*** Opening of Input ***
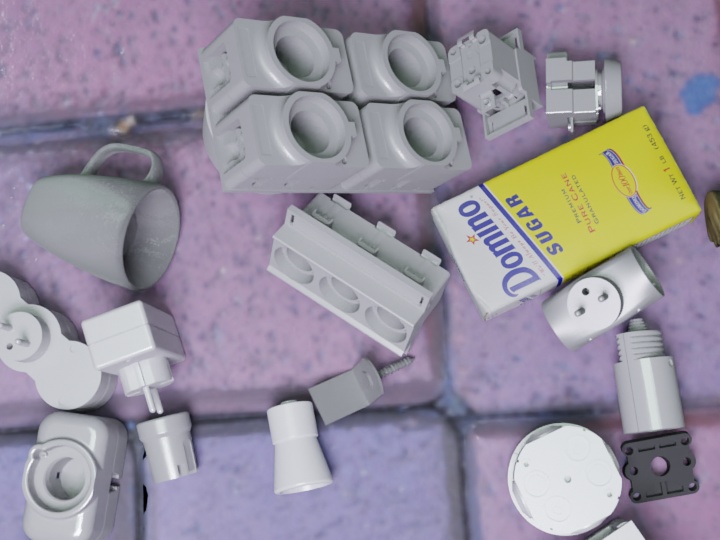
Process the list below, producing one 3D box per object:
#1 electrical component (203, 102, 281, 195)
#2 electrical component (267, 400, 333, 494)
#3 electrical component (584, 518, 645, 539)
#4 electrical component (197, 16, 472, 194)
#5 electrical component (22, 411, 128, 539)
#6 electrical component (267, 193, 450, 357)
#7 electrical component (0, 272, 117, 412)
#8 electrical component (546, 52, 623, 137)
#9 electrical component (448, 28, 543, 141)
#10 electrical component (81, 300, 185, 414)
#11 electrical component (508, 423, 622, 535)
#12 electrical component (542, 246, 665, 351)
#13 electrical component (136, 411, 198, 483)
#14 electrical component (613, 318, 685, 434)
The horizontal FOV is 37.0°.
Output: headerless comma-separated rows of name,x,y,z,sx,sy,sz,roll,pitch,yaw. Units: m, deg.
electrical component,-0.070,-0.110,0.829,0.108,0.060,0.108,4,75,-16
electrical component,-0.047,0.130,0.798,0.044,0.044,0.065,-13,74,4
electrical component,0.148,0.250,0.742,0.150,0.061,0.089,-34,78,0
electrical component,-0.012,-0.115,0.773,0.186,0.060,0.105,-3,76,-37
electrical component,-0.214,0.155,0.802,0.054,0.059,0.095,6,80,8
electrical component,0.000,0.000,0.801,0.121,0.078,0.063,32,56,11
electrical component,-0.252,0.052,0.818,0.138,0.073,0.052,39,86,11
electrical component,0.171,-0.136,0.820,0.055,0.048,0.066,-1,79,14
electrical component,0.101,-0.145,0.809,0.042,0.064,0.081,-24,57,36
electrical component,-0.162,0.071,0.799,0.047,0.083,0.075,-20,78,3
electrical component,0.146,0.149,0.766,0.080,0.051,0.080,-1,79,6
electrical component,0.169,0.022,0.762,0.077,0.079,0.043,-35,81,20
electrical component,-0.143,0.133,0.809,0.040,0.040,0.046,-15,84,4
electrical component,0.206,0.075,0.777,0.043,0.043,0.081,-7,78,5
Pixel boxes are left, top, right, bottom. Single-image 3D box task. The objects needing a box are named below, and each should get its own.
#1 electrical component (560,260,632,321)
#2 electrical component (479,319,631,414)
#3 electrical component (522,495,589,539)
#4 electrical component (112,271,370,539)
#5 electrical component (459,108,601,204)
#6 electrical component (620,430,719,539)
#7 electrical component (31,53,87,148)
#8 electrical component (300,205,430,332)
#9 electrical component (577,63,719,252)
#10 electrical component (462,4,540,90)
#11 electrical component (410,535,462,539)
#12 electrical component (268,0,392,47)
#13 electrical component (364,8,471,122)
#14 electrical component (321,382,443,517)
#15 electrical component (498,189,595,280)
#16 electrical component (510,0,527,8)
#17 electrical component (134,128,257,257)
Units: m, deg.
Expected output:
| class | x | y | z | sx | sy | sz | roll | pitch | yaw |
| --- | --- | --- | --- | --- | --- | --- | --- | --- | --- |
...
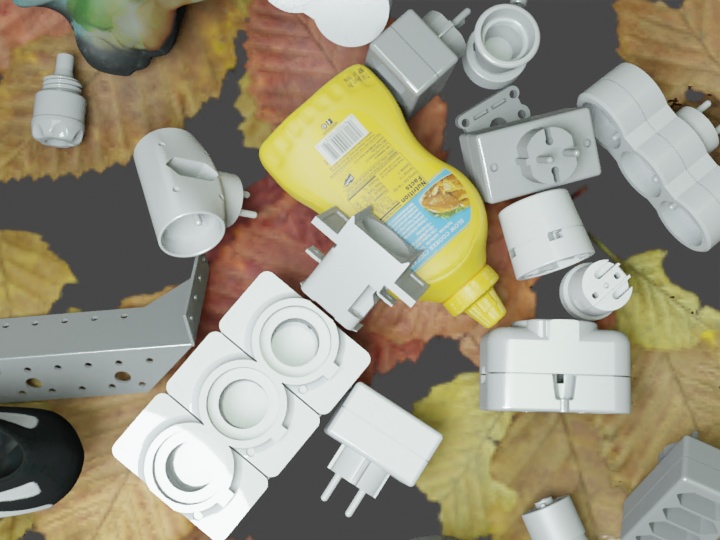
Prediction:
| class | x | y | z | sx | sy | sz | roll | pitch | yaw |
| --- | --- | --- | --- | --- | --- | --- | --- | --- | --- |
| electrical component | 0.161 | 0.013 | 0.729 | 0.040 | 0.046 | 0.040 | 1 | 82 | -5 |
| electrical component | 0.129 | 0.065 | 0.716 | 0.095 | 0.053 | 0.059 | 2 | 82 | -4 |
| electrical component | 0.134 | 0.182 | 0.708 | 0.044 | 0.044 | 0.065 | -22 | 80 | -7 |
| electrical component | -0.075 | 0.086 | 0.692 | 0.089 | 0.061 | 0.150 | 40 | 81 | 1 |
| electrical component | 0.120 | -0.076 | 0.716 | 0.083 | 0.076 | 0.047 | -15 | 101 | -12 |
| electrical component | 0.214 | 0.139 | 0.708 | 0.047 | 0.083 | 0.075 | 24 | 43 | -1 |
| electrical component | -0.201 | -0.115 | 0.723 | 0.035 | 0.035 | 0.061 | 4 | 80 | -4 |
| electrical component | 0.000 | 0.000 | 0.678 | 0.081 | 0.042 | 0.063 | 40 | 111 | 5 |
| electrical component | 0.222 | -0.088 | 0.745 | 0.074 | 0.052 | 0.138 | -38 | 86 | -9 |
| electrical component | 0.096 | -0.152 | 0.742 | 0.045 | 0.055 | 0.045 | 1 | 82 | -5 |
| electrical component | 0.053 | 0.227 | 0.683 | 0.108 | 0.060 | 0.108 | 1 | 82 | -5 |
| electrical component | -0.043 | -0.197 | 0.713 | 0.138 | 0.073 | 0.052 | 31 | 115 | -10 |
| electrical component | 0.046 | -0.150 | 0.732 | 0.077 | 0.065 | 0.047 | -43 | 88 | -9 |
| electrical component | 0.004 | 0.122 | 0.701 | 0.066 | 0.047 | 0.076 | 33 | 81 | 0 |
| electrical component | 0.125 | -0.024 | 0.728 | 0.055 | 0.055 | 0.047 | -17 | 80 | -7 |
| electrical component | 0.118 | -0.217 | 0.764 | 0.035 | 0.035 | 0.061 | 13 | 84 | -3 |
| electrical component | -0.104 | -0.049 | 0.711 | 0.079 | 0.043 | 0.077 | 8 | 45 | -37 |
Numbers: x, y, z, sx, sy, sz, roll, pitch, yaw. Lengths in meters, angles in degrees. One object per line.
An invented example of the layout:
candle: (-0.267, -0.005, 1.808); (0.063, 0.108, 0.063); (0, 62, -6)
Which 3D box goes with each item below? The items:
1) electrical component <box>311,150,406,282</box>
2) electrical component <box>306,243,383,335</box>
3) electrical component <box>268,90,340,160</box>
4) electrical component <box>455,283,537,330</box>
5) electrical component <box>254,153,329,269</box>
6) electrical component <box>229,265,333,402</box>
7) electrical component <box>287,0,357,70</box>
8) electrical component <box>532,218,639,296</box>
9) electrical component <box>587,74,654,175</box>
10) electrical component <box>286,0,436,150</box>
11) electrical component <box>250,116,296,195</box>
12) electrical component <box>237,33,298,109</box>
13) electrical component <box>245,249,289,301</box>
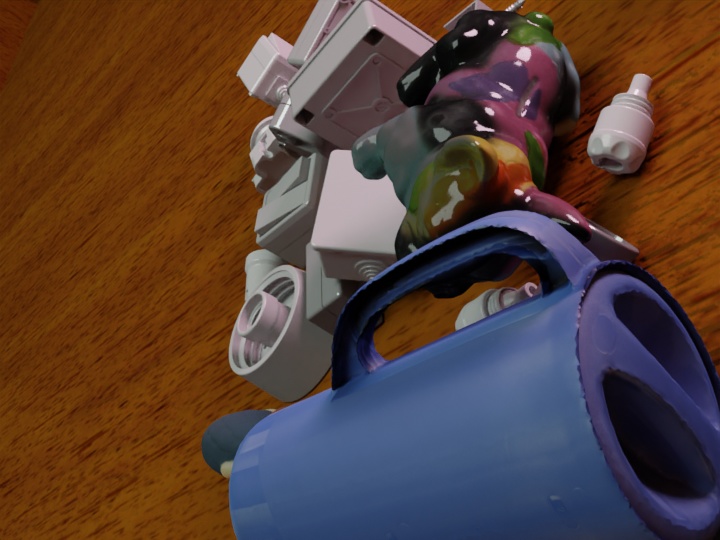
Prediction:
electrical component: (0.017, -0.037, 0.792); (0.048, 0.100, 0.099); (79, -161, -57)
electrical component: (0.000, 0.000, 0.833); (0.076, 0.047, 0.083); (-37, 36, 28)
electrical component: (-0.039, -0.133, 0.974); (0.059, 0.054, 0.095); (-64, -14, -7)
electrical component: (0.088, 0.027, 0.666); (0.061, 0.035, 0.035); (-42, 32, 47)
electrical component: (-0.052, -0.050, 0.952); (0.096, 0.061, 0.061); (-34, 38, 41)
electrical component: (-0.066, 0.047, 0.885); (0.108, 0.060, 0.108); (-40, 34, 35)
electrical component: (-0.027, -0.219, 1.066); (0.096, 0.062, 0.061); (-62, 27, -1)
electrical component: (0.126, 0.006, 0.623); (0.065, 0.044, 0.044); (-60, 27, 12)
electrical component: (0.163, -0.091, 0.656); (0.035, 0.035, 0.061); (-2, 61, 59)
electrical component: (0.014, -0.150, 0.883); (0.109, 0.109, 0.056); (-45, 34, 28)
electrical component: (-0.077, -0.117, 1.062); (0.078, 0.058, 0.057); (-51, 32, 20)
electrical component: (-0.083, -0.206, 1.150); (0.061, 0.062, 0.096); (-55, 28, 12)
electrical component: (-0.086, 0.011, 0.976); (0.040, 0.040, 0.046); (-33, 43, 42)
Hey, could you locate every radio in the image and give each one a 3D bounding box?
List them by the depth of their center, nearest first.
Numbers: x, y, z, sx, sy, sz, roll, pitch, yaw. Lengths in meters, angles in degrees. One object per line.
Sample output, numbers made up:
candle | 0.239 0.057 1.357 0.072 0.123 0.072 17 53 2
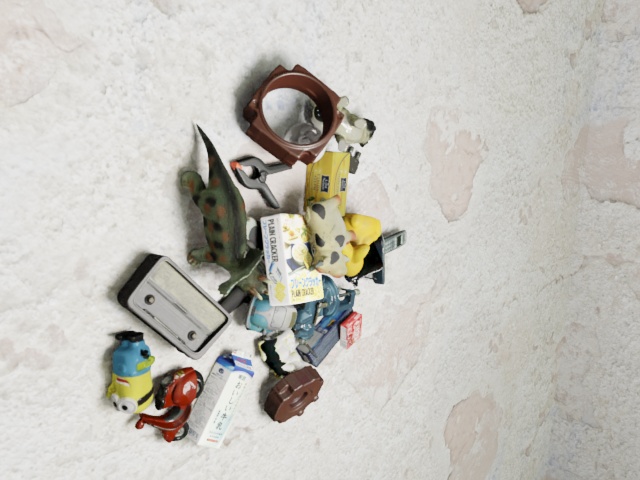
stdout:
radio | -0.314 0.147 1.166 0.229 0.073 0.131 49 67 -28

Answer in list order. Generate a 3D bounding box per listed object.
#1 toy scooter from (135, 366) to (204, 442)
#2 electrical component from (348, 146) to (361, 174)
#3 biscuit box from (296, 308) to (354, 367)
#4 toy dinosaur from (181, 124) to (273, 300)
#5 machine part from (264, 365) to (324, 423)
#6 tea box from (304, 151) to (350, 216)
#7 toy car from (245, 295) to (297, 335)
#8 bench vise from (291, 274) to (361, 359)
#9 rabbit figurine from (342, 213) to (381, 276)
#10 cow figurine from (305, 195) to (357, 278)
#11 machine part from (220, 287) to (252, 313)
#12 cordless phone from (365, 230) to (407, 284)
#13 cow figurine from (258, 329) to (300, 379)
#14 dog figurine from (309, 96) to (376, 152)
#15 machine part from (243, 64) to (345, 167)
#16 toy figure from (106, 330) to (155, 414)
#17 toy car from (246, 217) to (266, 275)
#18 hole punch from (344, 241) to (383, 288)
toy scooter | -0.344 0.374 1.217 0.135 0.075 0.183 13 95 -46
electrical component | 0.085 -0.215 1.522 0.063 0.021 0.094 28 79 -45
biscuit box | 0.023 0.269 1.556 0.203 0.059 0.062 -45 128 -27
toy dinosaur | -0.206 -0.041 1.164 0.131 0.192 0.404 -26 119 -40
machine part | -0.069 0.422 1.463 0.179 0.056 0.179 -30 145 -24
tea box | 0.018 -0.150 1.420 0.068 0.098 0.169 -4 101 -45
toy car | -0.112 0.190 1.356 0.161 0.103 0.109 25 82 -62
bench vise | 0.015 0.187 1.491 0.240 0.129 0.223 -10 110 -38
rabbit figurine | 0.098 0.016 1.450 0.162 0.122 0.173 -69 173 -86
cow figurine | 0.018 -0.001 1.312 0.127 0.085 0.195 -18 85 -21
machine part | -0.210 0.149 1.317 0.139 0.039 0.084 -47 137 -28
cordless phone | 0.211 0.046 1.671 0.184 0.089 0.146 -21 114 -44
cow figurine | -0.109 0.318 1.434 0.098 0.068 0.167 -29 119 -35
dog figurine | 0.060 -0.319 1.442 0.172 0.121 0.190 51 18 -1
machine part | -0.060 -0.290 1.254 0.201 0.087 0.201 37 73 -10
toy figure | -0.394 0.282 1.140 0.089 0.082 0.180 -2 99 -43
toy car | -0.140 0.025 1.341 0.073 0.056 0.201 -59 134 -26
hole punch | 0.107 0.058 1.556 0.116 0.092 0.142 -21 87 -11
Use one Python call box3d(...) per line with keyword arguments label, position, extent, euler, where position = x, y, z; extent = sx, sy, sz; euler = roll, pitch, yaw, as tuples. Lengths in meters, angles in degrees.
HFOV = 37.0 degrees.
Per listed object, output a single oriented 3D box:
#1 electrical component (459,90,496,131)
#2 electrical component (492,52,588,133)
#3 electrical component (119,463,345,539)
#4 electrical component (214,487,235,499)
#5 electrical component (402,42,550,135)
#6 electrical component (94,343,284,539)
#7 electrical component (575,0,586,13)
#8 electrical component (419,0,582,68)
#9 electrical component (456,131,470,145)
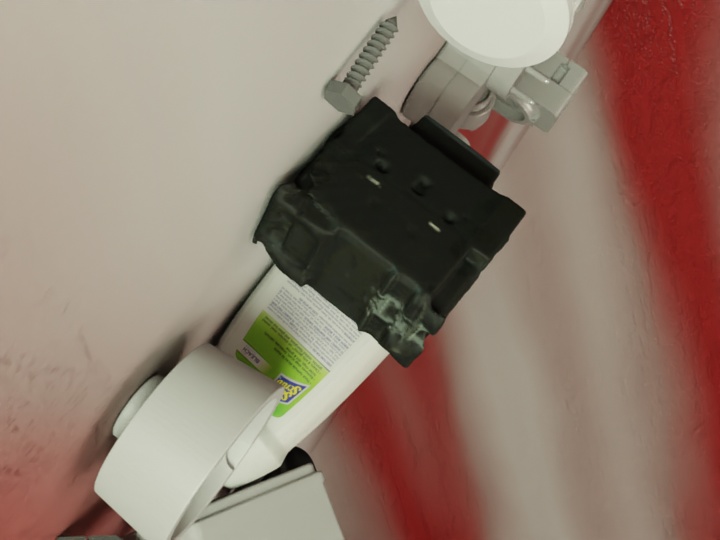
box3d(label="electrical component", position=(0.089, -0.142, 0.868), extent=(0.043, 0.043, 0.062), euler=(-53, 173, -19))
box3d(label="electrical component", position=(0.136, -0.161, 0.908), extent=(0.055, 0.089, 0.050), euler=(-54, 174, -8))
box3d(label="electrical component", position=(-0.086, 0.174, 0.682), extent=(0.109, 0.056, 0.109), euler=(-13, 169, -45))
box3d(label="electrical component", position=(-0.082, 0.097, 0.768), extent=(0.108, 0.056, 0.108), euler=(-51, 173, -38))
box3d(label="electrical component", position=(0.099, -0.146, 0.766), extent=(0.138, 0.074, 0.052), euler=(-54, 175, -5))
box3d(label="electrical component", position=(-0.097, 0.089, 0.577), extent=(0.108, 0.060, 0.108), euler=(-54, 174, -8))
box3d(label="electrical component", position=(0.144, -0.210, 0.857), extent=(0.078, 0.058, 0.057), euler=(-48, 174, -49))
box3d(label="electrical component", position=(0.072, -0.144, 0.527), extent=(0.051, 0.080, 0.080), euler=(-58, 177, -29))
box3d(label="electrical component", position=(0.075, -0.102, 1.015), extent=(0.065, 0.044, 0.044), euler=(-58, 176, -14))
*** Close of Input ***
* **Requirement**: Could you return exactly the lines above from the line with "#12 electrical component (268,0,392,47)" to the line with "#17 electrical component (134,128,257,257)", both included, and nothing else?

* **Answer to this task**:
#12 electrical component (268,0,392,47)
#13 electrical component (364,8,471,122)
#14 electrical component (321,382,443,517)
#15 electrical component (498,189,595,280)
#16 electrical component (510,0,527,8)
#17 electrical component (134,128,257,257)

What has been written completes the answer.